Fig 7 depicts a typical solution that locks the tokens (backing) on the source chain and issues the corresponding tokens (issuing) on the target chain atomically. The mapping token issued on the target chain may circulate from one holder to another. However, whoever holds the the mapping token is entitled to claim and draw the locked token on the source chain. Theoretically, tokens can be fungible (ERC20) or non-fungible (ERC721) or any other types of assets, because the message layer does not impose any restrictions on the payload’s content.
Fig 8 illustrates the four types of transactions related to Cross-chain transfer. The Issue in the top-right quadrant reflects the key points the we have introduced so far.
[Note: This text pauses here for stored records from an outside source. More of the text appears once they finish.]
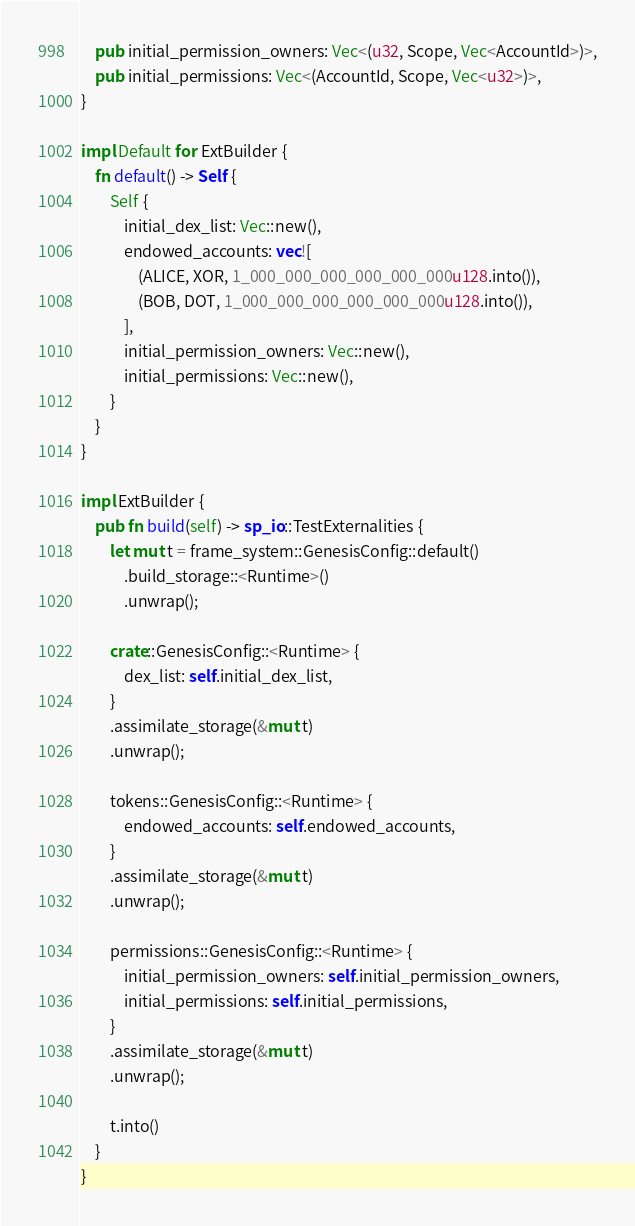<code> <loc_0><loc_0><loc_500><loc_500><_Rust_>    pub initial_permission_owners: Vec<(u32, Scope, Vec<AccountId>)>,
    pub initial_permissions: Vec<(AccountId, Scope, Vec<u32>)>,
}

impl Default for ExtBuilder {
    fn default() -> Self {
        Self {
            initial_dex_list: Vec::new(),
            endowed_accounts: vec![
                (ALICE, XOR, 1_000_000_000_000_000_000u128.into()),
                (BOB, DOT, 1_000_000_000_000_000_000u128.into()),
            ],
            initial_permission_owners: Vec::new(),
            initial_permissions: Vec::new(),
        }
    }
}

impl ExtBuilder {
    pub fn build(self) -> sp_io::TestExternalities {
        let mut t = frame_system::GenesisConfig::default()
            .build_storage::<Runtime>()
            .unwrap();

        crate::GenesisConfig::<Runtime> {
            dex_list: self.initial_dex_list,
        }
        .assimilate_storage(&mut t)
        .unwrap();

        tokens::GenesisConfig::<Runtime> {
            endowed_accounts: self.endowed_accounts,
        }
        .assimilate_storage(&mut t)
        .unwrap();

        permissions::GenesisConfig::<Runtime> {
            initial_permission_owners: self.initial_permission_owners,
            initial_permissions: self.initial_permissions,
        }
        .assimilate_storage(&mut t)
        .unwrap();

        t.into()
    }
}
</code> 
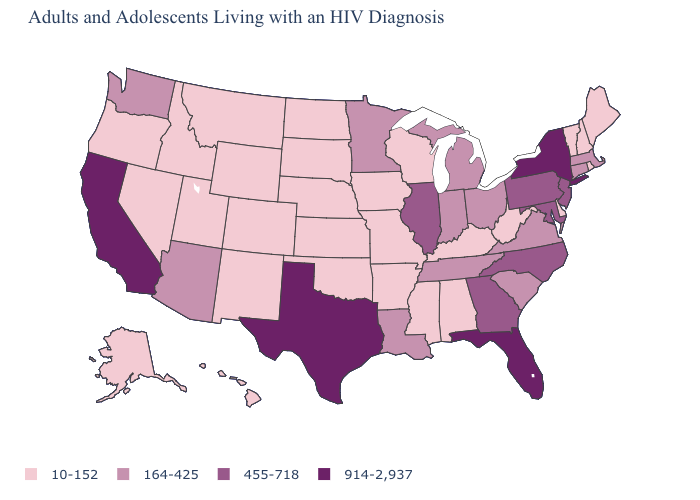Does Oklahoma have a higher value than Utah?
Concise answer only. No. What is the lowest value in the USA?
Write a very short answer. 10-152. What is the value of North Carolina?
Quick response, please. 455-718. What is the value of Virginia?
Be succinct. 164-425. What is the value of Tennessee?
Give a very brief answer. 164-425. Does the first symbol in the legend represent the smallest category?
Short answer required. Yes. Does the first symbol in the legend represent the smallest category?
Keep it brief. Yes. What is the value of Rhode Island?
Concise answer only. 10-152. Which states have the lowest value in the USA?
Concise answer only. Alabama, Alaska, Arkansas, Colorado, Delaware, Hawaii, Idaho, Iowa, Kansas, Kentucky, Maine, Mississippi, Missouri, Montana, Nebraska, Nevada, New Hampshire, New Mexico, North Dakota, Oklahoma, Oregon, Rhode Island, South Dakota, Utah, Vermont, West Virginia, Wisconsin, Wyoming. What is the value of Missouri?
Answer briefly. 10-152. Does North Carolina have a higher value than Maine?
Give a very brief answer. Yes. What is the highest value in the Northeast ?
Short answer required. 914-2,937. What is the value of Massachusetts?
Write a very short answer. 164-425. Which states have the highest value in the USA?
Quick response, please. California, Florida, New York, Texas. 
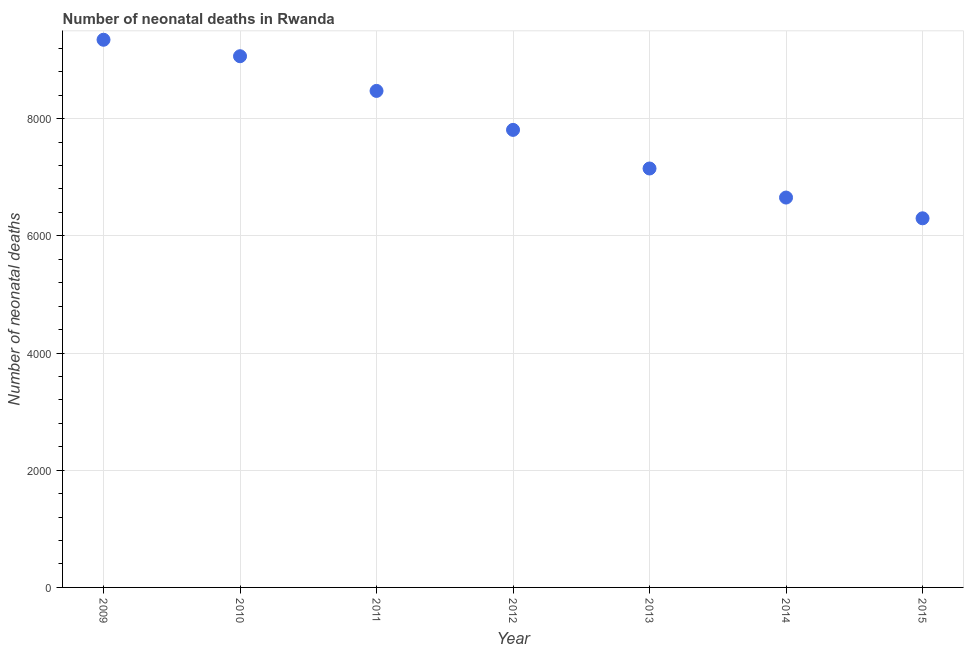What is the number of neonatal deaths in 2014?
Offer a terse response. 6653. Across all years, what is the maximum number of neonatal deaths?
Your response must be concise. 9346. Across all years, what is the minimum number of neonatal deaths?
Your response must be concise. 6299. In which year was the number of neonatal deaths minimum?
Give a very brief answer. 2015. What is the sum of the number of neonatal deaths?
Your answer should be very brief. 5.48e+04. What is the difference between the number of neonatal deaths in 2009 and 2010?
Provide a short and direct response. 281. What is the average number of neonatal deaths per year?
Your response must be concise. 7827.57. What is the median number of neonatal deaths?
Offer a very short reply. 7808. In how many years, is the number of neonatal deaths greater than 3200 ?
Make the answer very short. 7. What is the ratio of the number of neonatal deaths in 2009 to that in 2011?
Provide a succinct answer. 1.1. Is the number of neonatal deaths in 2011 less than that in 2014?
Ensure brevity in your answer.  No. Is the difference between the number of neonatal deaths in 2013 and 2015 greater than the difference between any two years?
Provide a succinct answer. No. What is the difference between the highest and the second highest number of neonatal deaths?
Your answer should be very brief. 281. Is the sum of the number of neonatal deaths in 2012 and 2015 greater than the maximum number of neonatal deaths across all years?
Offer a very short reply. Yes. What is the difference between the highest and the lowest number of neonatal deaths?
Your answer should be compact. 3047. How many dotlines are there?
Keep it short and to the point. 1. How many years are there in the graph?
Ensure brevity in your answer.  7. What is the difference between two consecutive major ticks on the Y-axis?
Make the answer very short. 2000. Are the values on the major ticks of Y-axis written in scientific E-notation?
Make the answer very short. No. Does the graph contain any zero values?
Your answer should be compact. No. What is the title of the graph?
Offer a terse response. Number of neonatal deaths in Rwanda. What is the label or title of the Y-axis?
Make the answer very short. Number of neonatal deaths. What is the Number of neonatal deaths in 2009?
Give a very brief answer. 9346. What is the Number of neonatal deaths in 2010?
Offer a very short reply. 9065. What is the Number of neonatal deaths in 2011?
Provide a succinct answer. 8473. What is the Number of neonatal deaths in 2012?
Provide a succinct answer. 7808. What is the Number of neonatal deaths in 2013?
Give a very brief answer. 7149. What is the Number of neonatal deaths in 2014?
Your response must be concise. 6653. What is the Number of neonatal deaths in 2015?
Your answer should be compact. 6299. What is the difference between the Number of neonatal deaths in 2009 and 2010?
Provide a succinct answer. 281. What is the difference between the Number of neonatal deaths in 2009 and 2011?
Ensure brevity in your answer.  873. What is the difference between the Number of neonatal deaths in 2009 and 2012?
Provide a succinct answer. 1538. What is the difference between the Number of neonatal deaths in 2009 and 2013?
Give a very brief answer. 2197. What is the difference between the Number of neonatal deaths in 2009 and 2014?
Your answer should be very brief. 2693. What is the difference between the Number of neonatal deaths in 2009 and 2015?
Make the answer very short. 3047. What is the difference between the Number of neonatal deaths in 2010 and 2011?
Your answer should be compact. 592. What is the difference between the Number of neonatal deaths in 2010 and 2012?
Offer a very short reply. 1257. What is the difference between the Number of neonatal deaths in 2010 and 2013?
Your answer should be compact. 1916. What is the difference between the Number of neonatal deaths in 2010 and 2014?
Ensure brevity in your answer.  2412. What is the difference between the Number of neonatal deaths in 2010 and 2015?
Make the answer very short. 2766. What is the difference between the Number of neonatal deaths in 2011 and 2012?
Keep it short and to the point. 665. What is the difference between the Number of neonatal deaths in 2011 and 2013?
Make the answer very short. 1324. What is the difference between the Number of neonatal deaths in 2011 and 2014?
Make the answer very short. 1820. What is the difference between the Number of neonatal deaths in 2011 and 2015?
Offer a very short reply. 2174. What is the difference between the Number of neonatal deaths in 2012 and 2013?
Your answer should be very brief. 659. What is the difference between the Number of neonatal deaths in 2012 and 2014?
Provide a succinct answer. 1155. What is the difference between the Number of neonatal deaths in 2012 and 2015?
Your response must be concise. 1509. What is the difference between the Number of neonatal deaths in 2013 and 2014?
Ensure brevity in your answer.  496. What is the difference between the Number of neonatal deaths in 2013 and 2015?
Your response must be concise. 850. What is the difference between the Number of neonatal deaths in 2014 and 2015?
Your response must be concise. 354. What is the ratio of the Number of neonatal deaths in 2009 to that in 2010?
Make the answer very short. 1.03. What is the ratio of the Number of neonatal deaths in 2009 to that in 2011?
Offer a terse response. 1.1. What is the ratio of the Number of neonatal deaths in 2009 to that in 2012?
Your answer should be compact. 1.2. What is the ratio of the Number of neonatal deaths in 2009 to that in 2013?
Offer a terse response. 1.31. What is the ratio of the Number of neonatal deaths in 2009 to that in 2014?
Your response must be concise. 1.41. What is the ratio of the Number of neonatal deaths in 2009 to that in 2015?
Your response must be concise. 1.48. What is the ratio of the Number of neonatal deaths in 2010 to that in 2011?
Keep it short and to the point. 1.07. What is the ratio of the Number of neonatal deaths in 2010 to that in 2012?
Your answer should be very brief. 1.16. What is the ratio of the Number of neonatal deaths in 2010 to that in 2013?
Your answer should be very brief. 1.27. What is the ratio of the Number of neonatal deaths in 2010 to that in 2014?
Your answer should be very brief. 1.36. What is the ratio of the Number of neonatal deaths in 2010 to that in 2015?
Provide a succinct answer. 1.44. What is the ratio of the Number of neonatal deaths in 2011 to that in 2012?
Provide a succinct answer. 1.08. What is the ratio of the Number of neonatal deaths in 2011 to that in 2013?
Provide a succinct answer. 1.19. What is the ratio of the Number of neonatal deaths in 2011 to that in 2014?
Provide a short and direct response. 1.27. What is the ratio of the Number of neonatal deaths in 2011 to that in 2015?
Your answer should be compact. 1.34. What is the ratio of the Number of neonatal deaths in 2012 to that in 2013?
Offer a terse response. 1.09. What is the ratio of the Number of neonatal deaths in 2012 to that in 2014?
Provide a succinct answer. 1.17. What is the ratio of the Number of neonatal deaths in 2012 to that in 2015?
Your answer should be very brief. 1.24. What is the ratio of the Number of neonatal deaths in 2013 to that in 2014?
Provide a short and direct response. 1.07. What is the ratio of the Number of neonatal deaths in 2013 to that in 2015?
Your answer should be compact. 1.14. What is the ratio of the Number of neonatal deaths in 2014 to that in 2015?
Your answer should be very brief. 1.06. 
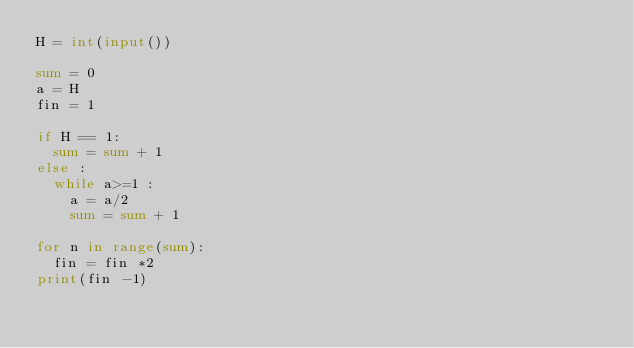Convert code to text. <code><loc_0><loc_0><loc_500><loc_500><_Python_>H = int(input())

sum = 0
a = H
fin = 1

if H == 1:
  sum = sum + 1
else :
  while a>=1 :
    a = a/2
    sum = sum + 1
    
for n in range(sum):
  fin = fin *2
print(fin -1)</code> 
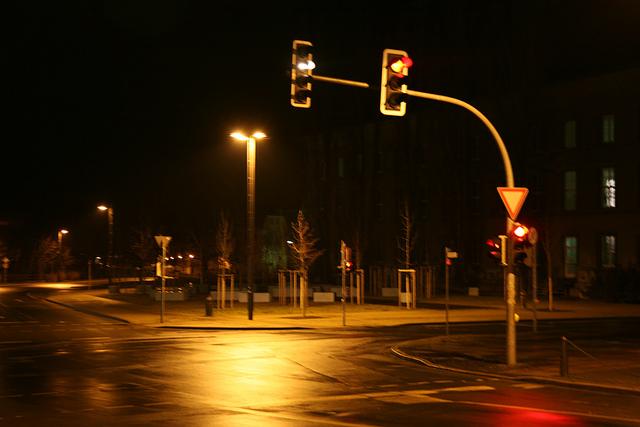How many cars are on the road?
Write a very short answer. 0. How many traffic lights can be seen?
Quick response, please. 3. Is this shot in focus?
Be succinct. Yes. When was this scene photographed?
Quick response, please. Night. 
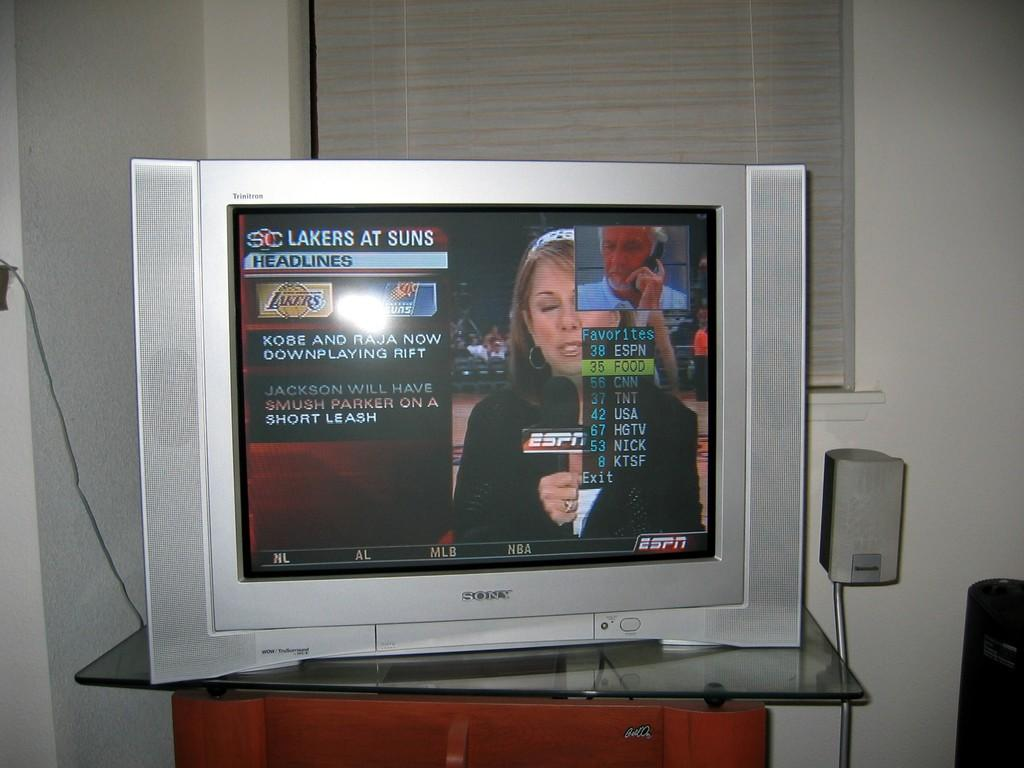<image>
Share a concise interpretation of the image provided. A silver TV that says Sony is showing a sports game and says Lakers at Suns. 
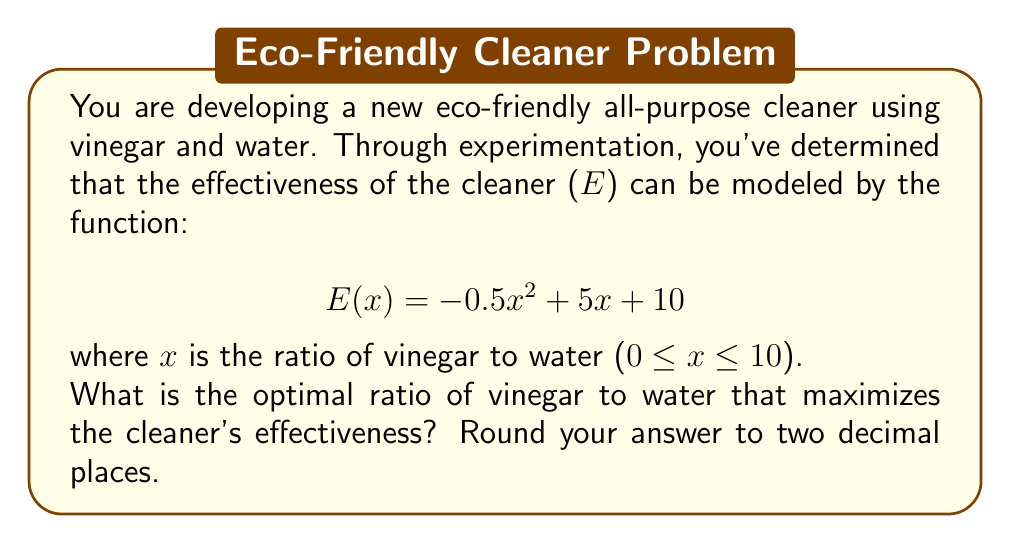Could you help me with this problem? To find the optimal ratio that maximizes the cleaner's effectiveness, we need to find the maximum of the quadratic function E(x).

When a requestor performs a cross-chain transfer, what happens under the hood is as follows:
- The asset on the source chain is locked by the backing module;
- After the locking transaction is included in a block and finalized, the header relayer delivers the corresponding header and the the transaction proof to the target chain;
- Meanwhile the message relayer delivers the message of the locking transaction to the target chain;
- Once the light client on the target chain finishes the verification of the locking message, the issuing module transfer the mapping token (asset) to a specified address.
Prospect of Darwinia Bridge Network
Finally, we introduce the concept of the Darwinia Bridge Network. If we build a bridge for each pair of blockchains, the number of bridges would be $O(n²)$. However, if we can build a bridge between Darwinia and every other blockchain and Darwinia serves as a hub, we can avoid a lot of reinvent-the-wheels work, and the complexity becomes $O(n)$. Fig 9 is the snapshot of the bridge network we have built so far. There are bi-directional bridges, such Ethereum<>Darwinia and Crab<>Darwinia(Substrate-to-Substrate), and uni-directional bridges, such as Kusama>Crab (Relaychain). We will build a Darwina<>BSC bridge in the near future. In the long run, as the number and types of blockchains and bridges grow, we might have a routing mechanism for cross-chain interoperability similar to what we have on the Internet.